**INPUT DATA**
▶

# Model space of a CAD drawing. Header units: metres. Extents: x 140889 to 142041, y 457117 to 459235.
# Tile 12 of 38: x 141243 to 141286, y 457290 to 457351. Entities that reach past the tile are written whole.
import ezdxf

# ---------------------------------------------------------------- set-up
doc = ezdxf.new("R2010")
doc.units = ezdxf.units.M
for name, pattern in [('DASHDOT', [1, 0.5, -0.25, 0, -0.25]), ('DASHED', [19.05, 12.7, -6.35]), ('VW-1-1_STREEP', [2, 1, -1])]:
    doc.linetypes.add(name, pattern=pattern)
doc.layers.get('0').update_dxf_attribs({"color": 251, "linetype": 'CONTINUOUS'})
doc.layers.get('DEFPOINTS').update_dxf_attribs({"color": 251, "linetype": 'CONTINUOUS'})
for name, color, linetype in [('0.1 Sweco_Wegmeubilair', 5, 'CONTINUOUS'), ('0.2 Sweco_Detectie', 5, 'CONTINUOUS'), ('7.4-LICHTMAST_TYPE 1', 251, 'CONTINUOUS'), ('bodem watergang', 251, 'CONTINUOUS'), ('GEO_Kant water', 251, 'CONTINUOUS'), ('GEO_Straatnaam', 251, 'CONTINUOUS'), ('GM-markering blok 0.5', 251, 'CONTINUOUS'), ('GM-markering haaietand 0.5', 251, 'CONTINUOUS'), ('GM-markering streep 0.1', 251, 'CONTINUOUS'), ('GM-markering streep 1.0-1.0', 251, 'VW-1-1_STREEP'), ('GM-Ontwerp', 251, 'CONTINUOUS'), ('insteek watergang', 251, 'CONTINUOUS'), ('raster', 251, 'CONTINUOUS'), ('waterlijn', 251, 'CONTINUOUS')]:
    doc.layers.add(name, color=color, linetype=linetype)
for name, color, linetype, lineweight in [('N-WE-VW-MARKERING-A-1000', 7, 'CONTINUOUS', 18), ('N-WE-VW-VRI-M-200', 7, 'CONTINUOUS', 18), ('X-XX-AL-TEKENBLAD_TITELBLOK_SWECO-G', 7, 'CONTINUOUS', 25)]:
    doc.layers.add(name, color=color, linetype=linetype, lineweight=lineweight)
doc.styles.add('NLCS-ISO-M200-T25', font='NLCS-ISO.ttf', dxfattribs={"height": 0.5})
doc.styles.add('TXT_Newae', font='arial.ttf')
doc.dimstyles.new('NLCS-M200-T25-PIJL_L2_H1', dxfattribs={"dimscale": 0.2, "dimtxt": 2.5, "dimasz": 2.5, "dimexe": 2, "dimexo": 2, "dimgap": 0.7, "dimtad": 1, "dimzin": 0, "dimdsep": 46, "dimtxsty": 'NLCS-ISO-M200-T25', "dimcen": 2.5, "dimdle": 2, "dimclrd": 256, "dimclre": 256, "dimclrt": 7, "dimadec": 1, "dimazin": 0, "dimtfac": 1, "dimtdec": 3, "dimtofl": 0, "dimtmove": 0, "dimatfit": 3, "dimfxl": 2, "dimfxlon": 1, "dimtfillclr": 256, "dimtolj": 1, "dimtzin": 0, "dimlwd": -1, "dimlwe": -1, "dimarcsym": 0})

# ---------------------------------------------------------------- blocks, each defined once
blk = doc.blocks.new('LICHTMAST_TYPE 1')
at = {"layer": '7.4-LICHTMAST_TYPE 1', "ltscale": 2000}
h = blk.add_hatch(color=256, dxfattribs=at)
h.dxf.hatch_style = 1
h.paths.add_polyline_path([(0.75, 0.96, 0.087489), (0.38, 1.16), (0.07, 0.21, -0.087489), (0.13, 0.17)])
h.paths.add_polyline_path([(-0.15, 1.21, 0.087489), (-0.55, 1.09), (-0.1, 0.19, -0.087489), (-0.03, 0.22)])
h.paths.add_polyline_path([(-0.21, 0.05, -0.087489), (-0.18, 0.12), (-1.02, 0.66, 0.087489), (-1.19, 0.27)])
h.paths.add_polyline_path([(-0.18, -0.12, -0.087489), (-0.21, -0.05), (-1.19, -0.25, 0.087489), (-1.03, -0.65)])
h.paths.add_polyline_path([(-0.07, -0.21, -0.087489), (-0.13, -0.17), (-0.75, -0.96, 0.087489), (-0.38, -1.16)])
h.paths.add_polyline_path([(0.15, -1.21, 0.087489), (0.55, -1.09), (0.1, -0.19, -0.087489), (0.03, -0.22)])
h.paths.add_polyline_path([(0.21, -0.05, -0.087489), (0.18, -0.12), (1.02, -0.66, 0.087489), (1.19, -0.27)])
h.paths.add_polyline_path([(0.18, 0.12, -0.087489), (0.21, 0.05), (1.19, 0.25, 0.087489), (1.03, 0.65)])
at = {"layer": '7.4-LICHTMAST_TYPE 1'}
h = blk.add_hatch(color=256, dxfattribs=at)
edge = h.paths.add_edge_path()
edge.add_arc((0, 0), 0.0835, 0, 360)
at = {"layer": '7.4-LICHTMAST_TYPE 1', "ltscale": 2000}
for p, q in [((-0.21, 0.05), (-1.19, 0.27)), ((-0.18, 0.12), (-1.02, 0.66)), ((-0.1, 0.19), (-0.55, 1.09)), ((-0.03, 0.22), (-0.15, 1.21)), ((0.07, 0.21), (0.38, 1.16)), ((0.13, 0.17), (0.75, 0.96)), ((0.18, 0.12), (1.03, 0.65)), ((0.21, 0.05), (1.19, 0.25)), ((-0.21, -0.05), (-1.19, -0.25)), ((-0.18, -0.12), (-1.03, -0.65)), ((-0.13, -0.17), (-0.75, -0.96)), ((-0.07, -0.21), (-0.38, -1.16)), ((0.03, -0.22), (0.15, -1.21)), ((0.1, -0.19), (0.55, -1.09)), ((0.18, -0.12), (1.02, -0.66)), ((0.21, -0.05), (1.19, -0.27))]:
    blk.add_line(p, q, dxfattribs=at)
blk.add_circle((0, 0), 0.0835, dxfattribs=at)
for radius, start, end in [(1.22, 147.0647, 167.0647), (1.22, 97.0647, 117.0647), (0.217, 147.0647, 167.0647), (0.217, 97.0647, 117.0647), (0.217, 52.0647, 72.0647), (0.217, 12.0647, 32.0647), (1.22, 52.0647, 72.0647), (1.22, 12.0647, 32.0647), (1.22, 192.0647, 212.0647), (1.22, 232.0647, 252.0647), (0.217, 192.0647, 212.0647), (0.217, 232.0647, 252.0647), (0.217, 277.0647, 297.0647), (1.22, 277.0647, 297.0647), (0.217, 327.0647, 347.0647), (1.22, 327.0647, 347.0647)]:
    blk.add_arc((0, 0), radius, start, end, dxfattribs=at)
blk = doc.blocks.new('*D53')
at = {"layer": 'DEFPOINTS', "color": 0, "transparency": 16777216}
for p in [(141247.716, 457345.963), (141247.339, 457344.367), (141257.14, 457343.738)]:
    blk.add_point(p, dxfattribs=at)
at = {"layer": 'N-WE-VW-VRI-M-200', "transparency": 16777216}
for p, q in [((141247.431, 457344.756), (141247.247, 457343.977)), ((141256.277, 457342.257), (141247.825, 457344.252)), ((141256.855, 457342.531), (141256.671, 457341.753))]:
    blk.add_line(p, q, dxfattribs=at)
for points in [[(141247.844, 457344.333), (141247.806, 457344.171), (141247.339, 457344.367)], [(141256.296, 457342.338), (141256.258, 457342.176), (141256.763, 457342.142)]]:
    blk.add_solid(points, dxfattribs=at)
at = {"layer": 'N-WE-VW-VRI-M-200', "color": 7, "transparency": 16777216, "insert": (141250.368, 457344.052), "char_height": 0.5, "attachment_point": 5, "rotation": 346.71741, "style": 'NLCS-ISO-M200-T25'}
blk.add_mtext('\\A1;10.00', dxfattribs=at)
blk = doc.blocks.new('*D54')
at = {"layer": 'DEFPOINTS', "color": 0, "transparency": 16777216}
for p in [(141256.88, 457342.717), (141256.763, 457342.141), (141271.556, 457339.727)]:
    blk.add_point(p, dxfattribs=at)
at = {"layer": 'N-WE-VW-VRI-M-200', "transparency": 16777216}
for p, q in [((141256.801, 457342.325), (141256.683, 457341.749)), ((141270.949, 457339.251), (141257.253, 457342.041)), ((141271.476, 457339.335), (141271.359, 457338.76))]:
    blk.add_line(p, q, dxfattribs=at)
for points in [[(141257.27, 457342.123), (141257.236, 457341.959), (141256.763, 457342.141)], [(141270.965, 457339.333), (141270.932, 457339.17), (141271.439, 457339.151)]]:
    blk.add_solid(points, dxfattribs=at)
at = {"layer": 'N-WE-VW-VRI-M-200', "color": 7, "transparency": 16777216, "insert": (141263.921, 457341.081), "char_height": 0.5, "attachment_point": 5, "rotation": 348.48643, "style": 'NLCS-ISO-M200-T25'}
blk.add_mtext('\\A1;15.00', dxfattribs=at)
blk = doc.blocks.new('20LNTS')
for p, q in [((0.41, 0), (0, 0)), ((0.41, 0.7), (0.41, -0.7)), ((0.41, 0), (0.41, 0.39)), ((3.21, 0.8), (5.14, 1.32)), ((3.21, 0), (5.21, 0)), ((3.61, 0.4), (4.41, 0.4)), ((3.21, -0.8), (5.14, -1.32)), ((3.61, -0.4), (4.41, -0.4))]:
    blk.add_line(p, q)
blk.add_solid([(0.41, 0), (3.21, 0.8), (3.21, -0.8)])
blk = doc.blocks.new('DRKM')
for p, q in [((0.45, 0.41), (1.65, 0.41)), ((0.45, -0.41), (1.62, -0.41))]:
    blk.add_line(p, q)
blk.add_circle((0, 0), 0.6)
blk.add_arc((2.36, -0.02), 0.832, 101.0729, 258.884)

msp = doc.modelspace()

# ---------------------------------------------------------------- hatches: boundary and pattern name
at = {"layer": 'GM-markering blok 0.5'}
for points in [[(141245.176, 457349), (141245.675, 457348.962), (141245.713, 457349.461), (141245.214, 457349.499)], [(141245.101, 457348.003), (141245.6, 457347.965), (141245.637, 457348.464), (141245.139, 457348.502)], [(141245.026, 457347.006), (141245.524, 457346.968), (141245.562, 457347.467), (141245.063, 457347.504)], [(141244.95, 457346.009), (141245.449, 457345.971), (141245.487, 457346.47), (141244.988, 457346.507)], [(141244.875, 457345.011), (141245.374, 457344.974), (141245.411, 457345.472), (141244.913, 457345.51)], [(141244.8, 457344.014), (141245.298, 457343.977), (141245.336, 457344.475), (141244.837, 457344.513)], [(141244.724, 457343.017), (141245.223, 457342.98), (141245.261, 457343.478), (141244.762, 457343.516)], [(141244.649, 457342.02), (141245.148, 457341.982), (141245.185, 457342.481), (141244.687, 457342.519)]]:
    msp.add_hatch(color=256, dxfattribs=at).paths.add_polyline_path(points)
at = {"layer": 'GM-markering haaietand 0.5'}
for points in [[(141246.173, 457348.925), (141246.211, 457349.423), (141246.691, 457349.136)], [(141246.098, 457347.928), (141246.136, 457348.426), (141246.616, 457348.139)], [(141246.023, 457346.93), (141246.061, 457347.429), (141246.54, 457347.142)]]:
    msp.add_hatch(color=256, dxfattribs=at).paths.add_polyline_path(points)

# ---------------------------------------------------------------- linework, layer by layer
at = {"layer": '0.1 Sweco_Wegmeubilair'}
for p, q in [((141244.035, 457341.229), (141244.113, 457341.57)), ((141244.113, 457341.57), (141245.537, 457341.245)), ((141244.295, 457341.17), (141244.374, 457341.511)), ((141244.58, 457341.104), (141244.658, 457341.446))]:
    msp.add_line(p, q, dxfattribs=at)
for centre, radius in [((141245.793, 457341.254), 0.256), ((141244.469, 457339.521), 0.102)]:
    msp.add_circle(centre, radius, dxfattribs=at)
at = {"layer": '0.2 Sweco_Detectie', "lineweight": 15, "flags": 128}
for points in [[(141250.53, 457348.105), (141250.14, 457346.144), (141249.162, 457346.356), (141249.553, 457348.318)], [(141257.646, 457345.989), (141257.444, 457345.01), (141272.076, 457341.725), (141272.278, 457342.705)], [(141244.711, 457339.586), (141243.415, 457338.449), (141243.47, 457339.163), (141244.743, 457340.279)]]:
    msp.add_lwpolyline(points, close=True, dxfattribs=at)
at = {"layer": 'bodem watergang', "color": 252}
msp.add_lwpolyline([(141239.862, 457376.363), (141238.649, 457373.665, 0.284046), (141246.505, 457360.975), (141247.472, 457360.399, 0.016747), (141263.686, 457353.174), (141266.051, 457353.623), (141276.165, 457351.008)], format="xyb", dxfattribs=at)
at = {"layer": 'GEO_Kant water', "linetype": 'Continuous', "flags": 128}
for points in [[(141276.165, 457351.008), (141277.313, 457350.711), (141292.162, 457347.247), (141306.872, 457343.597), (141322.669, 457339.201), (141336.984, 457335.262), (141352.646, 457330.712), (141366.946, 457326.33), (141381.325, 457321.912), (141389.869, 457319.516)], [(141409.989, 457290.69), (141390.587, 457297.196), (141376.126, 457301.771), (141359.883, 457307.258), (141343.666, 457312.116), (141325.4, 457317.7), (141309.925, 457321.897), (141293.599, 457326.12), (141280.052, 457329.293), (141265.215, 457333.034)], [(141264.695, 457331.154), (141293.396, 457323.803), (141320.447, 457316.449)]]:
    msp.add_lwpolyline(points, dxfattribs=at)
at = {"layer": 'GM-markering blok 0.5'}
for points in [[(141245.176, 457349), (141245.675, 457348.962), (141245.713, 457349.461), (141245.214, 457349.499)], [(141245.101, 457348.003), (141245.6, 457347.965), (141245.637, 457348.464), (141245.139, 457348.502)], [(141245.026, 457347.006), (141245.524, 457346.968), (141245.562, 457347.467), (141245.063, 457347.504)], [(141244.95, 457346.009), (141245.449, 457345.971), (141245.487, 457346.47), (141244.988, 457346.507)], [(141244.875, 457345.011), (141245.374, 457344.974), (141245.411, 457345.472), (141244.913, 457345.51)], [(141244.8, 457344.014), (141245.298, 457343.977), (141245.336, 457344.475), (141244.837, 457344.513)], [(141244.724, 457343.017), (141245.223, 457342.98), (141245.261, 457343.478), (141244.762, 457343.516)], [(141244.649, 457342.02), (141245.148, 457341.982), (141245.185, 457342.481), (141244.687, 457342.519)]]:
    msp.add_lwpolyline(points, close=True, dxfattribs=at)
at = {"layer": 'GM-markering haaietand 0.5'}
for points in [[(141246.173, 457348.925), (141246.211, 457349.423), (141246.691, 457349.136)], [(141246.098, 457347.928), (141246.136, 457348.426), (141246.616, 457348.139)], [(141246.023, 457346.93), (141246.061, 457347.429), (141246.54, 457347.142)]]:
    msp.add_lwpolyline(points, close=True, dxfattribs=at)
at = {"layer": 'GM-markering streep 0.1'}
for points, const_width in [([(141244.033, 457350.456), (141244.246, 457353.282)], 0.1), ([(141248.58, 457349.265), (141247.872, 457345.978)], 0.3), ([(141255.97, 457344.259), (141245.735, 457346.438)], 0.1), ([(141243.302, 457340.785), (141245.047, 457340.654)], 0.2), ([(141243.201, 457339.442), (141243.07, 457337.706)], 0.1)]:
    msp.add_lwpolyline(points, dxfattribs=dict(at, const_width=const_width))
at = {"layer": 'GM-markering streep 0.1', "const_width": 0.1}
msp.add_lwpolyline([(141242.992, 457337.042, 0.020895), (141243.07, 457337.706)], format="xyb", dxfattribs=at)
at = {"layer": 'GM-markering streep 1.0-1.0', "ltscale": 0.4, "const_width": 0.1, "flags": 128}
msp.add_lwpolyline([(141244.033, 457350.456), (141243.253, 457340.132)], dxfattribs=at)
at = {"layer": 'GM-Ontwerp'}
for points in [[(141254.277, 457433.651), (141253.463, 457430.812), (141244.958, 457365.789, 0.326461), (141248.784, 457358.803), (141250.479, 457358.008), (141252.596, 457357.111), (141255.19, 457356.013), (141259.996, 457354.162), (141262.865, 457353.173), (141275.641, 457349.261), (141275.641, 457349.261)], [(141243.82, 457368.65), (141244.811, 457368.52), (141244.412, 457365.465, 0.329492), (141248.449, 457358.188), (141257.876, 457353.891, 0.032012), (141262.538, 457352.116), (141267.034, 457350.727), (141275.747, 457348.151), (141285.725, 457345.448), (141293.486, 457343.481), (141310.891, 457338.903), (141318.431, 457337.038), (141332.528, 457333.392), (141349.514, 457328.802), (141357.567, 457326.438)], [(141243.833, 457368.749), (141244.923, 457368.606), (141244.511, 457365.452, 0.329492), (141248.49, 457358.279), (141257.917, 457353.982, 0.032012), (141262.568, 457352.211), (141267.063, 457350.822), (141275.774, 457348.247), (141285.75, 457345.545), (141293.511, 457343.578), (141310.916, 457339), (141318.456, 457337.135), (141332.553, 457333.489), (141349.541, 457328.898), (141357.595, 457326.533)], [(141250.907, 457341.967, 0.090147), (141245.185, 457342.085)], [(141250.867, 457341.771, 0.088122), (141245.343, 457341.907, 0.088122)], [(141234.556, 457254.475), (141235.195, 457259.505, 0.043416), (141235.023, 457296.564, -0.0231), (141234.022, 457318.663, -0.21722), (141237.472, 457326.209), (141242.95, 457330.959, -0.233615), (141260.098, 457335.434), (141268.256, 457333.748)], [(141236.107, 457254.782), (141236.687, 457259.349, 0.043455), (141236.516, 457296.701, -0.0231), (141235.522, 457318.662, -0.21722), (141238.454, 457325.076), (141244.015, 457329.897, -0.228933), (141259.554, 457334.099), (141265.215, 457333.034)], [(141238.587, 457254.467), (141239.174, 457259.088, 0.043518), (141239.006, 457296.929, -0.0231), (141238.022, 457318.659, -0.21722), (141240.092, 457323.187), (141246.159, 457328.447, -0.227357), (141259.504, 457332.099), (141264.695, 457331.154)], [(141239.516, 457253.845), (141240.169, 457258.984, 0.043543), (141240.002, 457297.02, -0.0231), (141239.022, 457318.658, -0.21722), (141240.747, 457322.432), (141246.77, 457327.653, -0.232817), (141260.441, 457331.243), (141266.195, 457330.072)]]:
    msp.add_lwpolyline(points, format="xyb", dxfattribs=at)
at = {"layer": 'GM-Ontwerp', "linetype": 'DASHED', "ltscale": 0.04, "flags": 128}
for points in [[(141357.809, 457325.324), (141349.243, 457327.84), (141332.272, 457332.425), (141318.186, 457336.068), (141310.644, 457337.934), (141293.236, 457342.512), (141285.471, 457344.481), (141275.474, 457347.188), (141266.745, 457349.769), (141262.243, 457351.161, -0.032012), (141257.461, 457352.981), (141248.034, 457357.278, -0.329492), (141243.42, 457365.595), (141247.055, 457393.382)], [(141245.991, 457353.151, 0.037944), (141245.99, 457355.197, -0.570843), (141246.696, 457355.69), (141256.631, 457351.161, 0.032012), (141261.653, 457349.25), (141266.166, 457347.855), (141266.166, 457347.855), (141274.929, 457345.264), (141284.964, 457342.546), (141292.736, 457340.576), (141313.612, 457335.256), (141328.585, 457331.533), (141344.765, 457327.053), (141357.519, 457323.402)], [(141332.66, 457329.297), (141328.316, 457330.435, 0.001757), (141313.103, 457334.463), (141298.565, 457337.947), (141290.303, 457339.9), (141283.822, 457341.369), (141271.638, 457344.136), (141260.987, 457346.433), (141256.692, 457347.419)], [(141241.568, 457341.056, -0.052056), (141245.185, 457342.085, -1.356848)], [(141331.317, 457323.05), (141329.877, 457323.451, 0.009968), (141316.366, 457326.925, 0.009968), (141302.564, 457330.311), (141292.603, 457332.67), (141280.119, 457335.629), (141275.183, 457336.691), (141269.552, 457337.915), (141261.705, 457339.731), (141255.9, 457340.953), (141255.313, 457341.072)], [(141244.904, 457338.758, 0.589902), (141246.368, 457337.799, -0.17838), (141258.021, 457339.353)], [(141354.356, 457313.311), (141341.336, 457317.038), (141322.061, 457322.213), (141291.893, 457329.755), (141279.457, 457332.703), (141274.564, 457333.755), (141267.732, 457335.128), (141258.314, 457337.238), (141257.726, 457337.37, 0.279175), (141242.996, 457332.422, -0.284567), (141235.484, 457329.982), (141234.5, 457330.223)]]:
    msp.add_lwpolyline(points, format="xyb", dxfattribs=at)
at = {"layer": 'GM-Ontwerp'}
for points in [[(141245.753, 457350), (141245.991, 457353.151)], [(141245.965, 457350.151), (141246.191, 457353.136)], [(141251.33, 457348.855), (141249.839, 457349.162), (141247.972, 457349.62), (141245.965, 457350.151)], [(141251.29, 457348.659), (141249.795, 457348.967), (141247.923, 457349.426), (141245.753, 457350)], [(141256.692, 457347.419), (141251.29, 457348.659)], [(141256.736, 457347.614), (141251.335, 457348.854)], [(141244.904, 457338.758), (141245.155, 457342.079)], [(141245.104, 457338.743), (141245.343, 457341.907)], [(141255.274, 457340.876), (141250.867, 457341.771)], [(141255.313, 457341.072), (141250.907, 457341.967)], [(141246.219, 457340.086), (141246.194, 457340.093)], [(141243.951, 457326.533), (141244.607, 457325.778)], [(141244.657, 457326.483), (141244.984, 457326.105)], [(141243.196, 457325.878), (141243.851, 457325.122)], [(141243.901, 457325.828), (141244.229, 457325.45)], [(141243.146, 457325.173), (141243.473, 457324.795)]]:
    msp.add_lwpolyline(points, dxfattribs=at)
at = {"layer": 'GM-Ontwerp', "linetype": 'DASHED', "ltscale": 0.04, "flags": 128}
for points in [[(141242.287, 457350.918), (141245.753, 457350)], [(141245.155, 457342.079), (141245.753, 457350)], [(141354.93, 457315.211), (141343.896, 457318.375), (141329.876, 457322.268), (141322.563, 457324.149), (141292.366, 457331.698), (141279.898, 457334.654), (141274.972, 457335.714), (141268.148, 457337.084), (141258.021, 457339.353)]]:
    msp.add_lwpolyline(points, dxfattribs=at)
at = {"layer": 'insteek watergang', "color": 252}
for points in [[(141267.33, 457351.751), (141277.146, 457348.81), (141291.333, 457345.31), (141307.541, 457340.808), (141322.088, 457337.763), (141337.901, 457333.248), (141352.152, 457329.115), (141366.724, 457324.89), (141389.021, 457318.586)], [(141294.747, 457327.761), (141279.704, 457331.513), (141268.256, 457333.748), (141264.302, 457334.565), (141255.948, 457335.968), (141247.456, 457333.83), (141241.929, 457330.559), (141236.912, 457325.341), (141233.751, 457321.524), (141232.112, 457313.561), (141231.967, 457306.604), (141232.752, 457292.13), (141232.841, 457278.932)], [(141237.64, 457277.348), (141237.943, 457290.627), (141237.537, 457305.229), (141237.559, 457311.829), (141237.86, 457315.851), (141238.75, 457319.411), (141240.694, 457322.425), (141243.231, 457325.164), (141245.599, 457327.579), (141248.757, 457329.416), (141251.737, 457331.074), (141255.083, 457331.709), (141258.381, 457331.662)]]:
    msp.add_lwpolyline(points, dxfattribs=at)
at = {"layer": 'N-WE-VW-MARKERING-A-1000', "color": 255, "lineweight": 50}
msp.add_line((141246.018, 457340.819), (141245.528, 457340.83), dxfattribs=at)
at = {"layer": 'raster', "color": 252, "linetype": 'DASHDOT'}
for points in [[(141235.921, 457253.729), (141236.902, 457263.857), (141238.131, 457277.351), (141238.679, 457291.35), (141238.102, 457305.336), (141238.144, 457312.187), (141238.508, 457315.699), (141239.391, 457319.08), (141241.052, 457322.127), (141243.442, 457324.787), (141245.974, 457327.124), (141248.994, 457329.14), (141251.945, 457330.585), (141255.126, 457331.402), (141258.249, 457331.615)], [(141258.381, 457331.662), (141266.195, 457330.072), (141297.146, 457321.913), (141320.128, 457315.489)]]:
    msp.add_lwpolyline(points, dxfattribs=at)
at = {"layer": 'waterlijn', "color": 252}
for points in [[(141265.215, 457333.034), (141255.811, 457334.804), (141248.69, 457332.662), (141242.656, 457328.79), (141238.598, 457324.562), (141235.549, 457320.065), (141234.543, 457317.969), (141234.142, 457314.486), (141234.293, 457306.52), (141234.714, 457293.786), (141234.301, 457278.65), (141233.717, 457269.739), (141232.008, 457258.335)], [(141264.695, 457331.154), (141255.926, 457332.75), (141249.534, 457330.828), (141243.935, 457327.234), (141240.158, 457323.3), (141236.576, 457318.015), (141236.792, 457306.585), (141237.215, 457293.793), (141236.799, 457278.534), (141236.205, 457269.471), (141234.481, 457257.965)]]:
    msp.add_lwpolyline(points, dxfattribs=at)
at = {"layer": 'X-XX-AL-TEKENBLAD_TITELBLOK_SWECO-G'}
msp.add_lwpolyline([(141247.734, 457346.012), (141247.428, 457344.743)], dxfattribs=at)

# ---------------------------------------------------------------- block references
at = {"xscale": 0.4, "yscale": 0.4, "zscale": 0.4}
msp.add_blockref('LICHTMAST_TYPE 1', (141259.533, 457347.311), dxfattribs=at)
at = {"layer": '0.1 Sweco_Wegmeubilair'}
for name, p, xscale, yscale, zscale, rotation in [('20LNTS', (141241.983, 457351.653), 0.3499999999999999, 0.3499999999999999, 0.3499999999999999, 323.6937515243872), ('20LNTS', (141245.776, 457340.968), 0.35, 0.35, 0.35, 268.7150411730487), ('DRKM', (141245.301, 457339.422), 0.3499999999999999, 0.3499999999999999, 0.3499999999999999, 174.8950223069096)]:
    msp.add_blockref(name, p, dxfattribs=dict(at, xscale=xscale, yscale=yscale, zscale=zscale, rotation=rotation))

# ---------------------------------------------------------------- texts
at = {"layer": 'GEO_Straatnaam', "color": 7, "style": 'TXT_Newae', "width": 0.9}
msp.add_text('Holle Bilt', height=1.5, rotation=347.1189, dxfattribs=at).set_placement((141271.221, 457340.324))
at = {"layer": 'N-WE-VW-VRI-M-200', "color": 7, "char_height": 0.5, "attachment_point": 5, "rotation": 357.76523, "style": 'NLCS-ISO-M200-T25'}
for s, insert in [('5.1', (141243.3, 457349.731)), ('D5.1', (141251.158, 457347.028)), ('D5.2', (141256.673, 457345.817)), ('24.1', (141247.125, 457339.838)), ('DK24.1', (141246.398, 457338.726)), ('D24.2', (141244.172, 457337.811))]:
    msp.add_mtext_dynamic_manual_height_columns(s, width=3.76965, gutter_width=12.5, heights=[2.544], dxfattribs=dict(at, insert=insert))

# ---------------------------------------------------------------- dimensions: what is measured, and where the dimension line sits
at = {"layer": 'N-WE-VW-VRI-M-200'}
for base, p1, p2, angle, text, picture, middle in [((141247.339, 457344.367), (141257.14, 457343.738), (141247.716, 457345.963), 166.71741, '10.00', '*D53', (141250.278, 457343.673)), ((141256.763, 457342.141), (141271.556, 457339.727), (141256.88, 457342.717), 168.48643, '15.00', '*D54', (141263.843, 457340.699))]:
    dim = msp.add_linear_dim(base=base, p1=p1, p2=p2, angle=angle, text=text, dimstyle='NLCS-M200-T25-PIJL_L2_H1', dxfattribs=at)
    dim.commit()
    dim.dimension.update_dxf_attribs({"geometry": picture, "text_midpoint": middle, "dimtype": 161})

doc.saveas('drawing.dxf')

◀

**BRIEF**
Consider the material above. Report how many of its lines contain the word "layers", and nothing more.

**TASK RESULT**
4